Hello man! I remember those panic feelings from way back when ...

Right now, you've got to get a grip on yourself. That's your #1 task. Unless you can take charge of yourself - make clear decisions with a calm, focussed miend and follow through on the plan, you are pretty likely to lose this.

You are not in a sprint here. This will not be fixed tomorrow, nor next week, nor next month nor probably even this 2006 year. This is a marathon. Get your mind in marathon mode. Pace yourself. Discipline yourself. Don't panic if you seem to be running last. Take your time.

There are several levers that you might pry on, but just prying on the levers blindly is very unlikely to work.
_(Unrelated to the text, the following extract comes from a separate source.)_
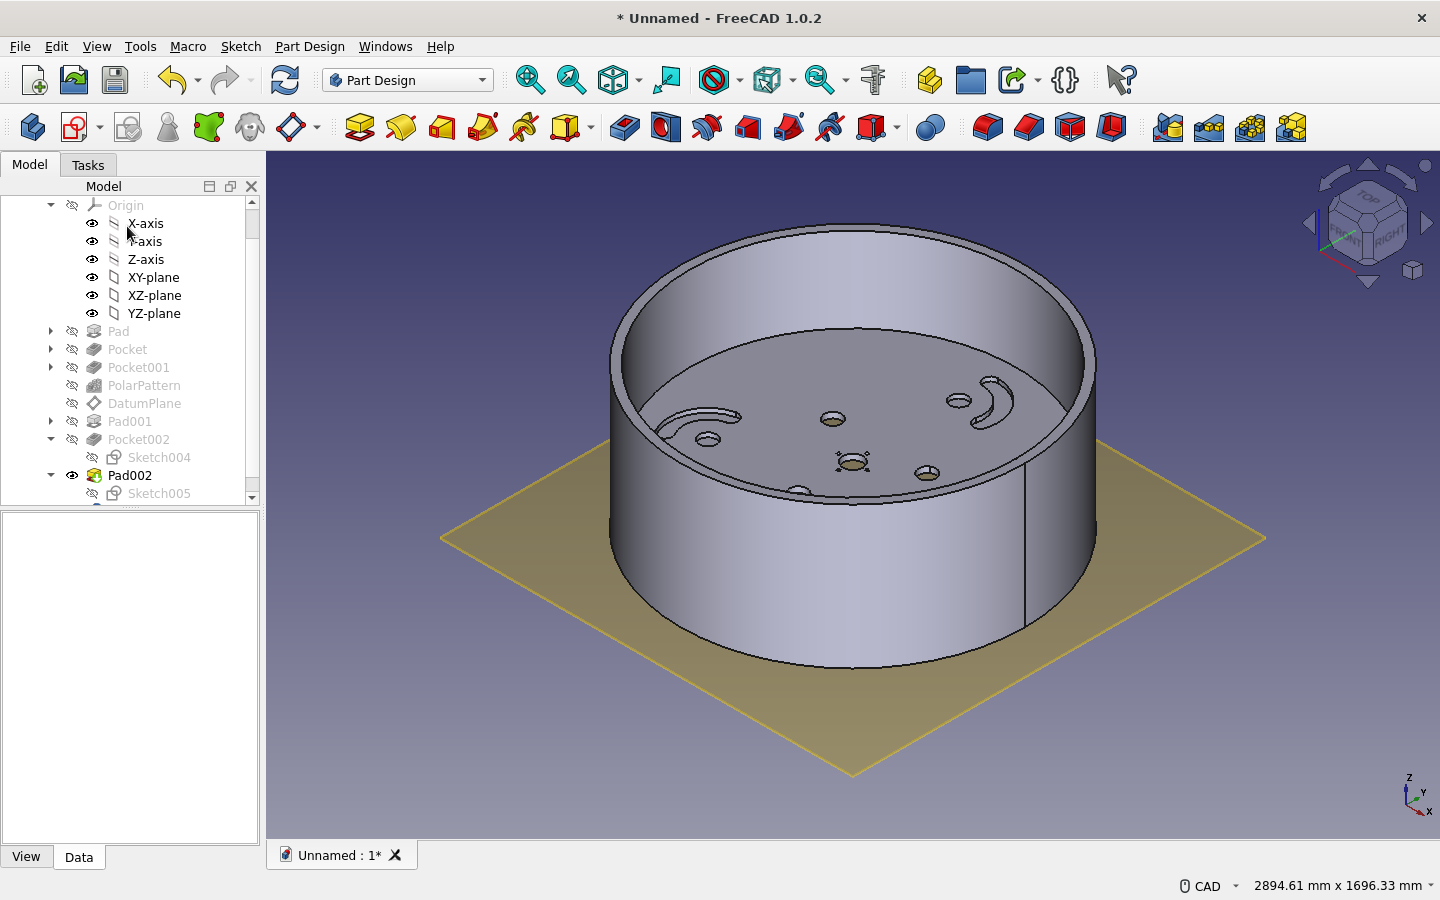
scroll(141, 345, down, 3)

Just go to the bookstore and buy "Surviving An Affair", by Harley. If the first bookstore doesn't have it, drive to another. Also get "Love Must Be Tough". Read them all the way through. Think. Take some walks along the beach. There is no rush. Nothing you can do in a hurry will fix this in a hurry. Nobody here can tell you the quick and easy solution. You need to understand, and plan, and gather your strength to stick to the plan to it's conclusion. You may win. You may lose, but your best chance requires that you first get a grip on yourself.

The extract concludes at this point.